Let's Express

A Car with Personality.

Older readers will remember the "Renault 4"

It was an odd looking humpy thing with nothing to recommend it visually. Once inside and driving it, things didn't improve either. Measured in available horse-power it was about a hoof-and-half. When turning corners it gave it's exaggerated impression of overturning completely. It offered an experience akin to an aircraft making a sharp turn, (pointing one wing towards the earth before leveling off again). 

If you liked basic simplicity though, this junk-heap was a right charmer. There wasn't a single frill or bauble anywhere in or out of that car. It had five wheels of which one was the steering wheel, the heater worked weakly in summer and not at all in winter. You had to provide and wire up your own radio & speakers and the bench front seats were deck chairs with cushioning. The one I bought for £400 (Punts) was chocolate brown and damned sad looking even before we met. Two tyres were bald, (Front right and back left), and one of the many windows was badly scratched but as it was a side one, it ended it's days like that. A screwdriver and monkey wrench was all you would have needed to strip it down to a chassis only. The brilliance lay in the simplicity.

And I loved it after less than a week. It was huge inside, I'm not kidding. Loads of legroom and headroom and because the mats were black and made of rubber, muddy boots didn't matter. I drove to Dublin and back in it one time and apart from the fact it took four times as long as a normal car to do the journey, I was as happy as Larry with my secondhand Renault-4. On that trip too I was traveling so safely within speed limits that I relaxed with a few beers on the way home as I drove.

The back door was like a van door and the space inside was similar to that of half a van floor in space. Then, two clips flipped at either side of the back seat and two floor clips then slid easily out, allowing you the remove the whole thing in one (folded) piece. The resultant space was enormous. When the (Polish) Pope came to visit us all in Ireland in Sept. 1979, I took my then girlfriend with me in the 'Brown-Horror' to Limerick. The deal was that we had to get parked in a muddy field with all the other thousands of pilgrims in their cars and then wait in that wet rainy field until dawn. When they sun tried to come up, we were allowed to walk the five miles to another muddy field and watch El Papa fly in. I often believe that her Father took one look at my sad brown car and assured his wife that their daughter would come to no harm in it. Remember at the time there were skin-headed youths skidding all over the place in souped-up Escorts. Those guys never even gave this long-hair a second look. 

Never mind the Pope though, the car was brilliant. I kitted out the huge floor space with a mattress and slumber down and stocked up with beer, wine and some sandwiches. Add a shapely sexy girl for the night and I was in heaven, (arf, arf). And when many other cars got bogged down trying to get back out of the field, the mischievous Renault slipped and slithered out the gap in the field and down the road for Cork, dirty but undaunted. 

A most useful tool I always carried in the Mini was a hand-held wooden mallet and like the Mini, it worked a treat on the Renault too. Any attempt at spluttering starts and a judicious couple of taps of the mallet to the engine block worked a treat.The first time I opened that long bonnet I was taken aback by an equally long aluminum pole than ran from behind the dashboard, over the top of the engine and right down to the grill in front. This turned out to be the gear lever, the knob of which poked out from the middle-top of the dash inside. There was plenty of play on it too because when you went from third to top, (ie. fourth) the whole apparatus came back about two feet or more.

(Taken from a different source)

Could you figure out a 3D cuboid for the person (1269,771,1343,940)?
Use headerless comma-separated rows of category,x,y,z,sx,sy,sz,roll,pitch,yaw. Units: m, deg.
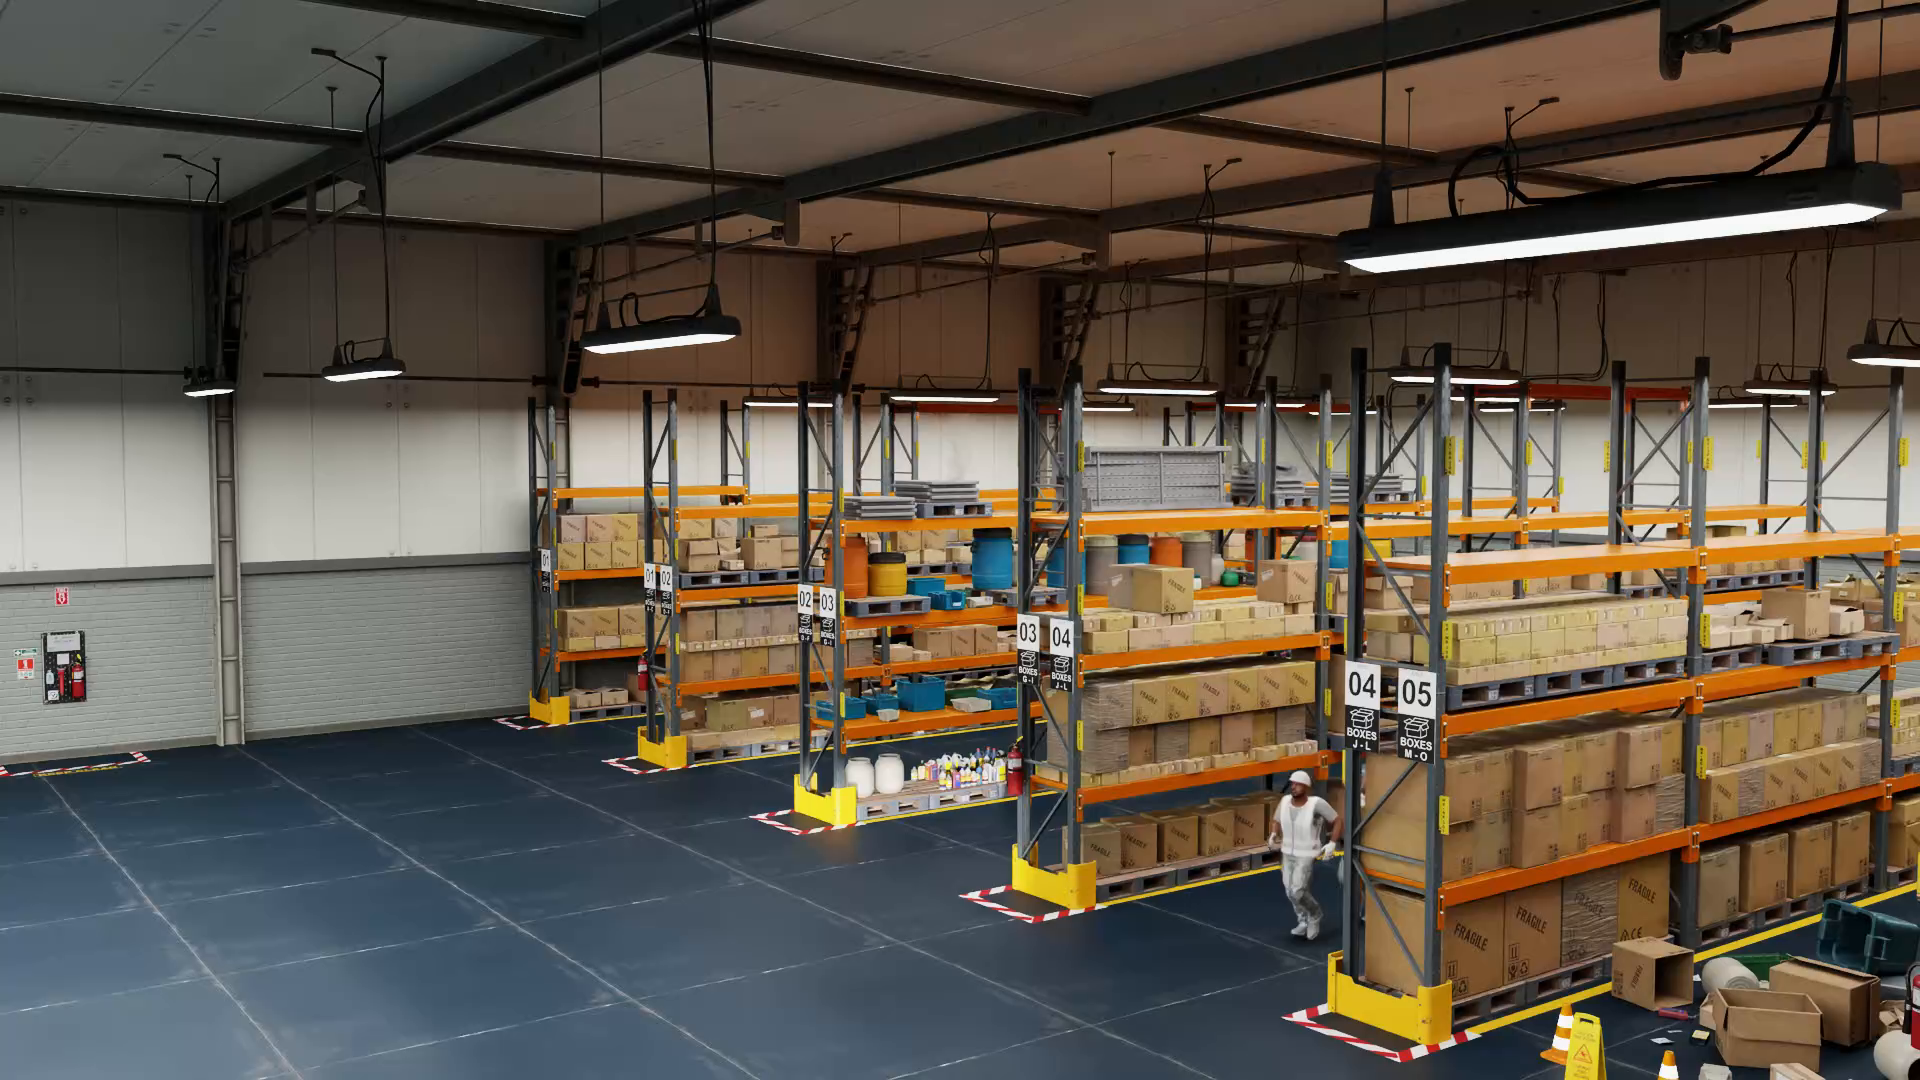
person,3.505,3.266,17.181,0.638,1.759,0.721,-3,5,-45

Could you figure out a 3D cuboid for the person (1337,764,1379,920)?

Following the aluminum pole to the grill, it curved down at a right angle to the gearbox which was right up forward and below and a big clip attached the pole to the gears. One day while putts-ing along minding my own business I went from third to fourth when damn me, the aluminum pole just kept on coming. The clip attaching it to the gearbox just fell off and the pole lay limply on top of the engine. But my mini toolkit had many useful things in it including some wire and a pliers. Arse in the air then and head and arms buried deep down the front of the engine, I reconnected the pole and the gearbox with wire and was once again putts-ing.

A few months later I put the car up for sale and the guy who called around to me first just drove it once and gave me £450 for it as was. It was several months after that before I saw that bloke again. He was in a city boozer one night and we did a double-take before remembering the Renault-4. For some reason I remembered the patch job done on the gear lever and asked him if it had ever given him bother.

"Naw-boy! She's grand," he answered cheerfully.

Even if the body rusted completely and fell off that baby, I like to think the aluminum pole is still wired to the gearbox somewhere. The crazy Renault-4 just had that kind of personality, a sort of beautiful ugliness. I liked it! You know the Pope was memorable too but for me that day and many more days to follow, my little ugly Renault was the star of the show.